A reasonable question might be: why layer at all? Why not just connect the means and aims directly? This is where another interesting part of the story comes in. It appears that we humans have limits to the level of complexity of mental models we can reasonably contain in our minds. These limits are well-known to software engineers.

For a seasoned engineer, the pull toward layering emerges nearly simultaneously with the first lines of code written. It’s such a habit, they do it almost automatically. The experience that drives this habit is that of painful untangling of spaghetti after the code we wrote begins to resist change. This resistance, this unwillingness of cooperating with its own creator is not the fault of the code. It is the limit of the engineer’s mental capacity to hold the entirety of the software held in their minds.

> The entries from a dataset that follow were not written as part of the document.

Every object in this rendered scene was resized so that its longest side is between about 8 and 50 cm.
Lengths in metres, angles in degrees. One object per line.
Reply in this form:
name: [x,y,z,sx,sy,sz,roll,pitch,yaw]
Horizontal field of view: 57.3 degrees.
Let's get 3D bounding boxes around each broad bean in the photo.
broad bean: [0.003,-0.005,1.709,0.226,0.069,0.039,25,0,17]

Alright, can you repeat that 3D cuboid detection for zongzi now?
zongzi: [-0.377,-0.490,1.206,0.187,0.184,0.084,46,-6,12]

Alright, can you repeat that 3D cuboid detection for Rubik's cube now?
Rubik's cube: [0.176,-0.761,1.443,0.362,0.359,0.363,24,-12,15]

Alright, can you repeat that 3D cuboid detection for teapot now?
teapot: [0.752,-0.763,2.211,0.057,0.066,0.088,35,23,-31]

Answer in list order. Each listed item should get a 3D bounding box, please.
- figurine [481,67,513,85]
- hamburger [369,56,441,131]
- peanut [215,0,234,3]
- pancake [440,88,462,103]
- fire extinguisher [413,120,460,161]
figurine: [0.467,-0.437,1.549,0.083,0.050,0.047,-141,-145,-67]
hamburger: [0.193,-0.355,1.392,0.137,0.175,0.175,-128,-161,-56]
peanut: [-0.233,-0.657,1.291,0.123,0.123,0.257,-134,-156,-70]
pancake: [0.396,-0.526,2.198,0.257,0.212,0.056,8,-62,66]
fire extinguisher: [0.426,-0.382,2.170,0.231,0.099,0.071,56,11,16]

When I talk about software with non-technical people, they are nearly always surprised about the amount of bugs any mature software contains. It seems paradoxical that older software has more bugs than the newer code. “What exactly are y’all doing there? Writing bugs?!” Yup. The mental model capacity needed to deeply grok a well-used, well-loved piece of software is typically way beyond that of any individual human.

So we come up with ways to break software into smaller chunks to allow us to compartmentalize their mental models, to specialize. And because of the way the forces of the aims and the means are facing each other, this process of chunking results in layering. Whether we want it or not, the layering will emerge in our code.

Putting it another way, layering is the artifact of the limits of human capacity to hold coherent mental models. If we imagine a software engineer with near-infinite mental model capacity, they could likely write well-functioning, relatively bug-free code using few (if any) layers of abstraction.

The converse is also true: lesser capacity to hold a mental model of traversing from the aims to the means will lead to software with more layers of abstraction.

By now, you probably know where I am going with this. Let’s see if we can apply these insights to the realm of large language models. What kind of layering will yield better results when we ask LLMs to write software for us?

It is my guess that the mental model-holding capacity of an LLM is roughly proportional to the size of this model’s context window. It is not the parametric memory that matters here. The parametric memory reflects an LLM’s ability to choose and apply various layers of abstraction. It is the context window that places a hard limit on what a model can and can not coherently perceive holistically.

Models with smaller context windows will have to rely on thinner layers and be more clever with the abstraction layers they choose. They would have to work harder and need more assistance from their human coworkers. Models with larger context windows would be able to get by with fewer layers.

How will the LLM-based software engineers compare to human counterparts? Here’s my intuition. LLMs will continue to be abysmally bad at understanding large code bases. There’s just way too many assumptions and tacit knowledge that lurks in those lines of code. We will likely see an industry-wide spirited attempt to solve this problem, and the solution will likely see thinning the abstraction layers within the code base to create safe, limited-scope lanes for synthetic software engineers to be effective in their work.

At the same time, LLMs will have a definite advantage over humans in learning the codebases that are well within their limits. Unlike humans, they will not get tired and are easily cloned. If I fine-tune a model on my codebase, all I need is the GPU/TPU capacity to scale it to a multitude of synthetic workers.

Putting these two together, I wonder if we’ll see the emergence of synthetic software engineering as a discipline. This discipline will encompass the best practices for the human software engineer to construct – and maintain – the scaffolding for the baklava of layers of abstraction populated by a hive of their synthetic kin.